A recent systematic review, published in Frontiers in Physiology, draws this out a bit further. Here, the authors explored meta-analyses published comparing periodized to non-periodized exercise training programs, finding only two such papers. One meta-analysis, conducted by Williams and colleagues and published in 2017, included 18 papers examining periodized resistance training to non-periodized resistance training for improvements in maximal strength. The second, by Rhea and Alderman and published in 2004, compared periodized and non-periodized programs for improvements in strength and/or power development. None of the individual studies making up these original systematic reviews exploring the effectiveness of periodization compared the periodized programs with a varied, but non-periodized program; instead they focused on comparing a periodized program with a consistently loaded training program. As noted earlier, this is problematic, because if variation is the driver of enhanced adaptations, we’re not controlling for this.

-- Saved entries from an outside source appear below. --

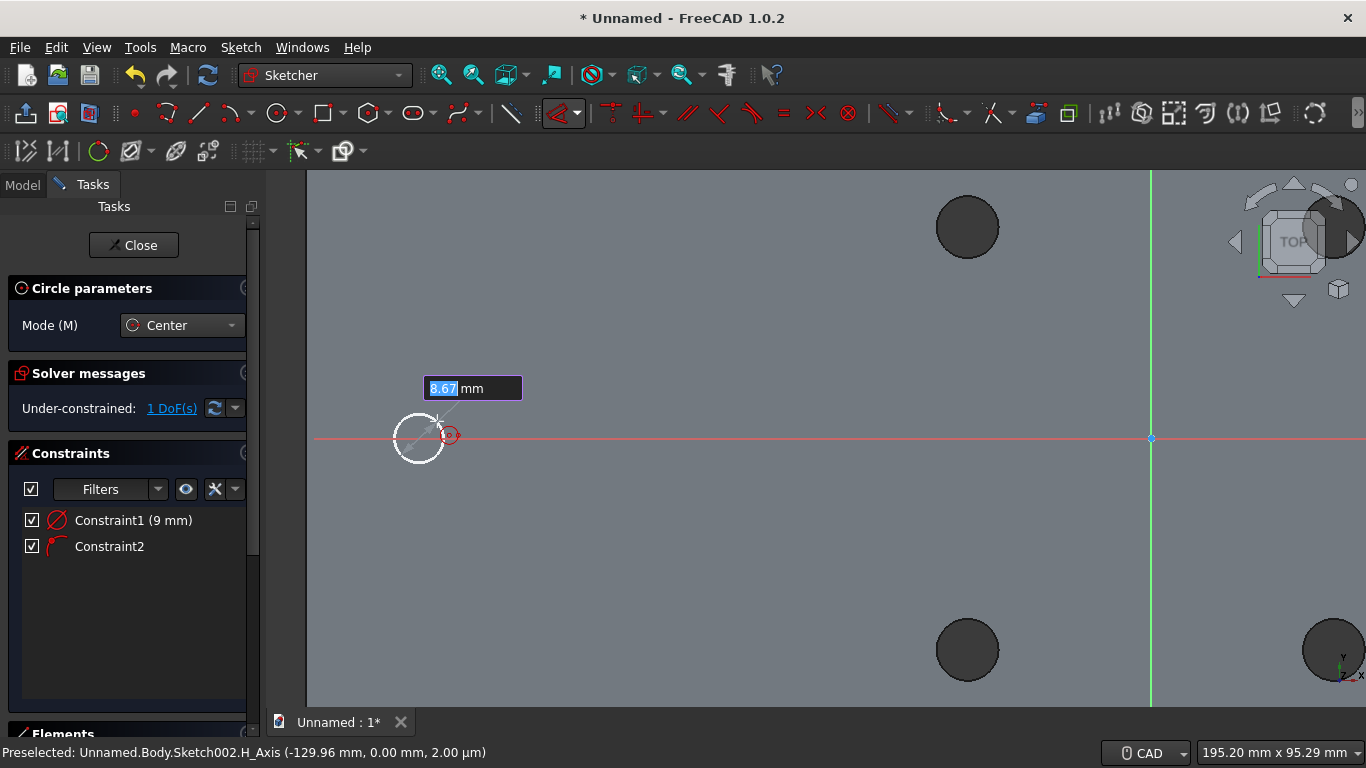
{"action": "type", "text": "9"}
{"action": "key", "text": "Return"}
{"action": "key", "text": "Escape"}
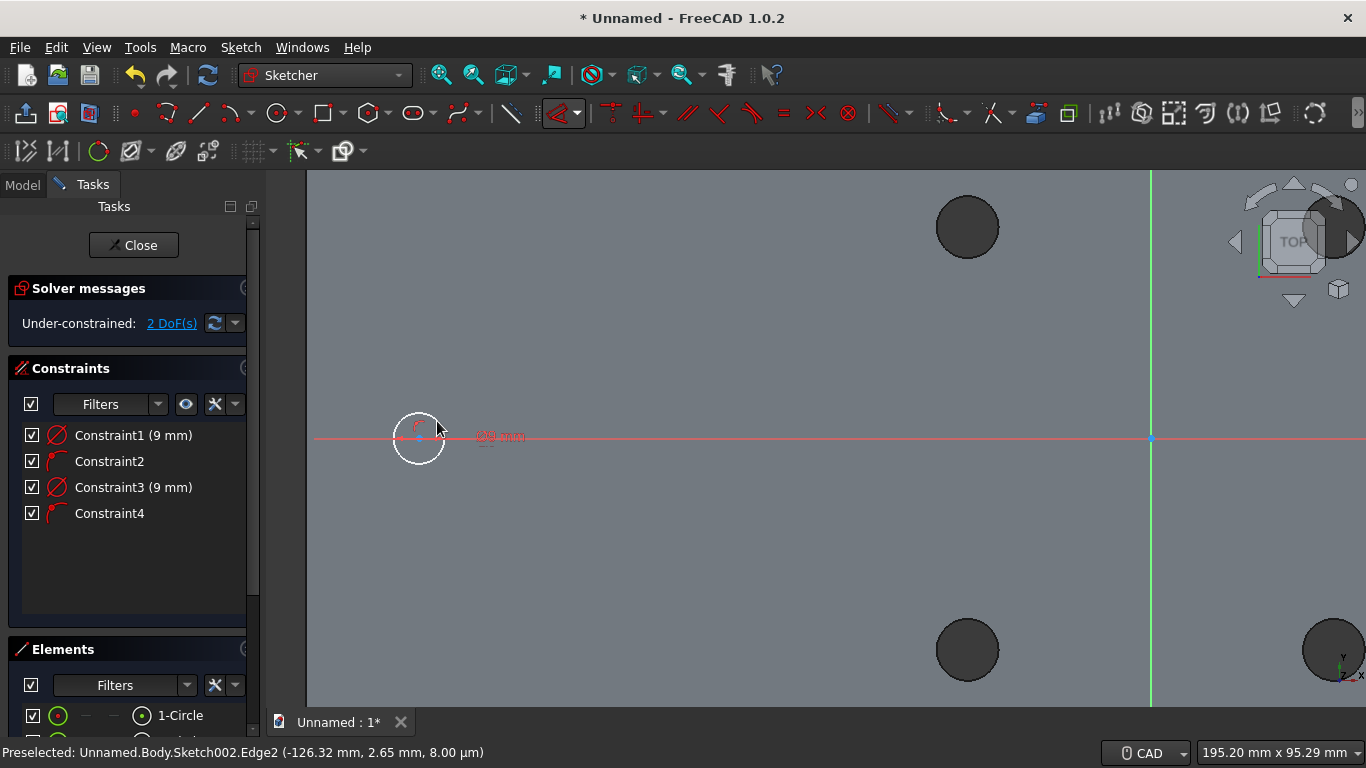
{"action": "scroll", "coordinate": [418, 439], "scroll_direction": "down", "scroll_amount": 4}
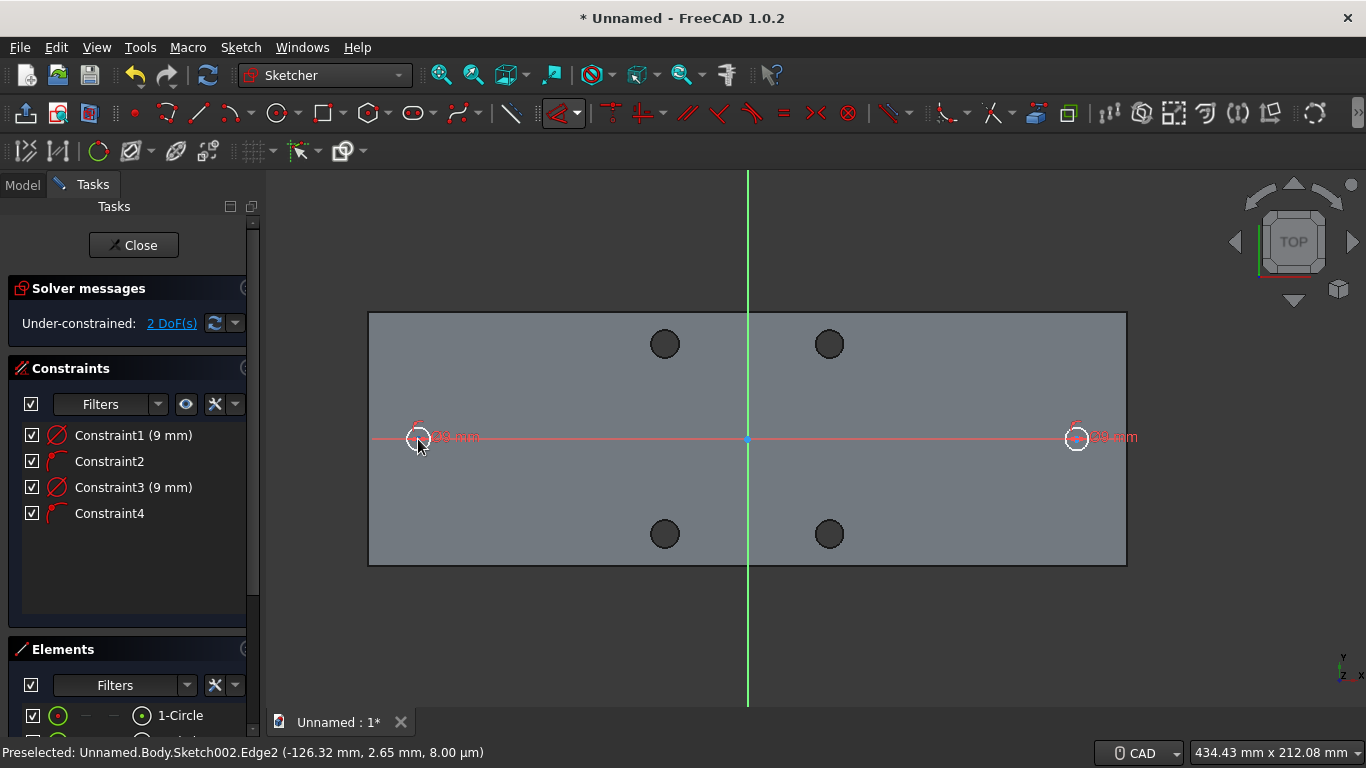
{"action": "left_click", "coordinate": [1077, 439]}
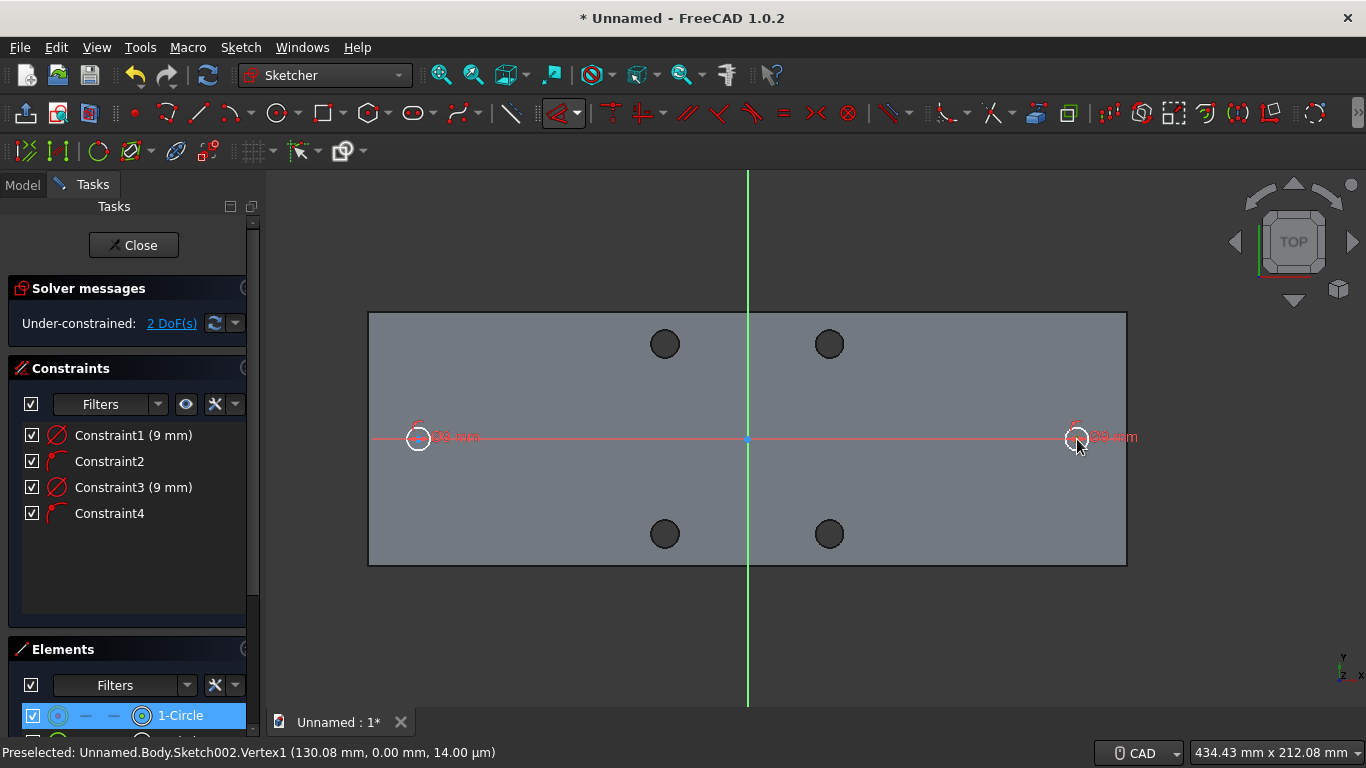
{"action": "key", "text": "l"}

This all means that we’re not really any clearer as to whether periodized models are more effective that simple variation in training. This is because of study design; studies aiming to explore this question isolate variation, and use this as a proxy for periodization, when the two aren’t the same. This means that we can’t say for certain whether periodization works per se (although it seems logical that it does), and we can’t compare different periodization models for their effectiveness. The main outcome proposed by the authors of the meta-analysis is to explore whether periodized training programs are superior to varied training programs; this current oversight is severely limiting our ability to accurately determine the effectiveness—or otherwise—or various periodization models. We need better research, which will then hopefully be able to better inform our design of training programs.